Some routing protocols such as OSPF require an address for identification, the loopback address can be used rather than an interface address which might go down on occasion, disrupting OSPF routing.

1.1.3.5 – Packet Tracer – Configuring IPv4 and IPv6 Interfaces

1.1.4 – Verify Connectivity of Directly Connected Networks

1.1.4.1 – Verify Interface Settings

The following commands are used to verify the operation and configuration of an interface:

  • show ip interface brief – Displays a summary for all interfaces including the IPv4 address of the interface as well as the current operational status.
  • show ip route – Displays the contents of the IPv4 routing table.
  • show running-config interface interface-id – Displays the commands configured on the specified interface.

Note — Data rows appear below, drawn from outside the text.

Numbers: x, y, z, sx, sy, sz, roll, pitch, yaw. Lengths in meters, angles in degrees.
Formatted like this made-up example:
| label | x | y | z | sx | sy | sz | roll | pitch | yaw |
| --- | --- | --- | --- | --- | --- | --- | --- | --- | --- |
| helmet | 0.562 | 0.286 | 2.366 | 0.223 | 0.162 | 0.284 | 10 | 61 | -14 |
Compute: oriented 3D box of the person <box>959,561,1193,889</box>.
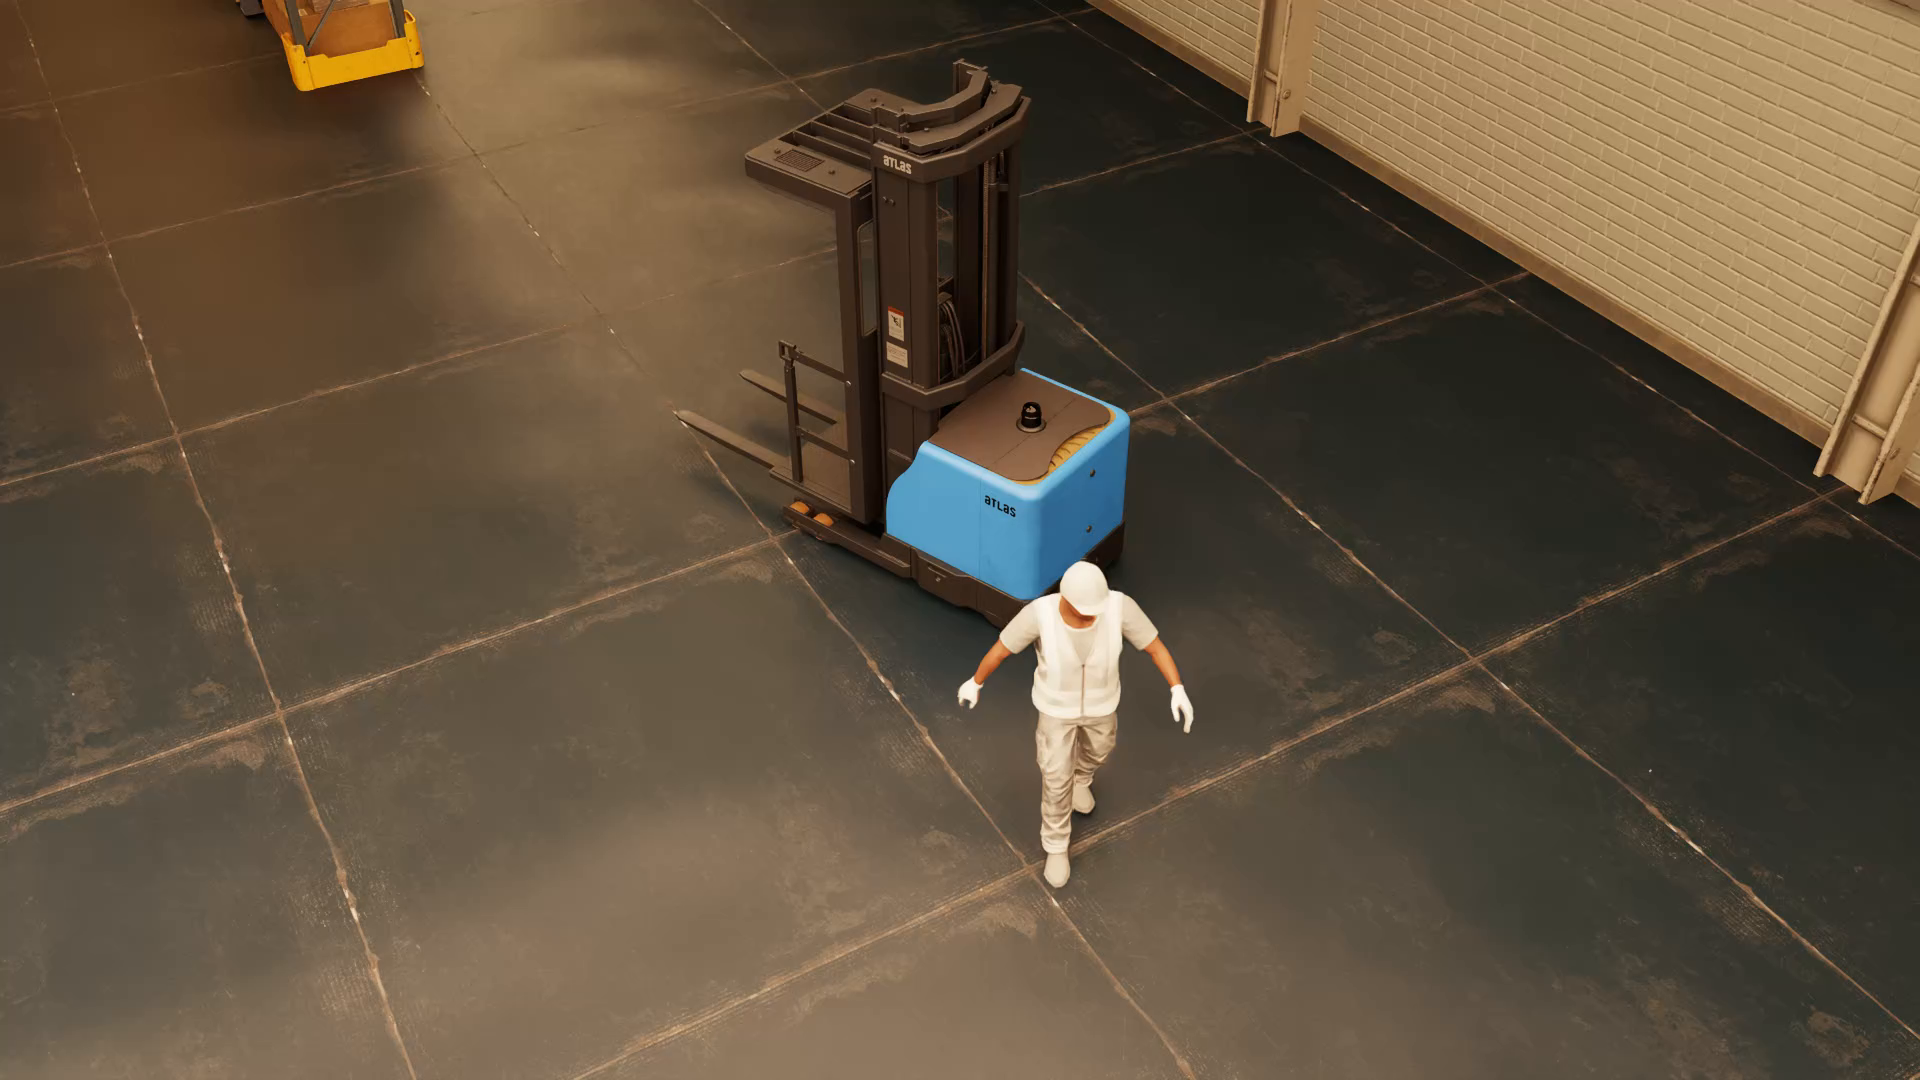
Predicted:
| label | x | y | z | sx | sy | sz | roll | pitch | yaw |
| --- | --- | --- | --- | --- | --- | --- | --- | --- | --- |
| person | 0.534 | 0.826 | 7.973 | 1.020 | 1.756 | 0.754 | -6 | 40 | -7 |

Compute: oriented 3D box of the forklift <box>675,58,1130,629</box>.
| label | x | y | z | sx | sy | sz | roll | pitch | yaw |
| --- | --- | --- | --- | --- | --- | --- | --- | --- | --- |
| forklift | -0.481 | -1.366 | 9.683 | 3.031 | 2.935 | 1.130 | 26 | 46 | 28 |

The following commands can be used to gather more detailed interface information:

  • show interfaces – Displays interface information and packet flow counts.
  • show ip interface – Displays the IPv4 related information for all interfaces on a router.

1.1.4.2 – Verify IPv6 Interface Settings

IPv6 commands used for interface configuration verification are similar to IPv4.

  • show ipv6 interface brief – If the output shows up/up, this shows that Layers 1 and 2 are operational
  • show ipv6 interface interface-id – Shows the interface status and all of the IPv6 addresses that belong to the interface.
  • show ipv6 route – Verifies that IPv6 networks and specific IPv6 interface addresses have been installed in the IPv6 routing table.

As shown in the figure to the left, a ‘C’ next to a route indicates that this is a directly connected network.

  • When the router interface is configured with a global unicast address and is in the “up/up” state, the IPv6 prefix length is added to the IPv6 routing table as a connected route.

1.1.4.3 – Filter Show Command Output

Commands that generate multiple screens of output are, by default, paused after 24 lines.

  • The spacebar allows you to see the next set of lines, while the ENTER key will display the next line.
  • Use the terminal length command to change the number of lines to be displayed.

Another useful feature that makes it easier to view show output is by filtering the output. To enable the filtering command, use the pipe character, “|”. For example:

  • show running-config | section line con – shows the section that starts with “line con”
  • show ip interface brief | include down – includes all output that matches “down”
  • show ip interface brief | exclude up – “excludes all output that matches up”
  • show running-config | begin line – shows all the remaining output starting with “line”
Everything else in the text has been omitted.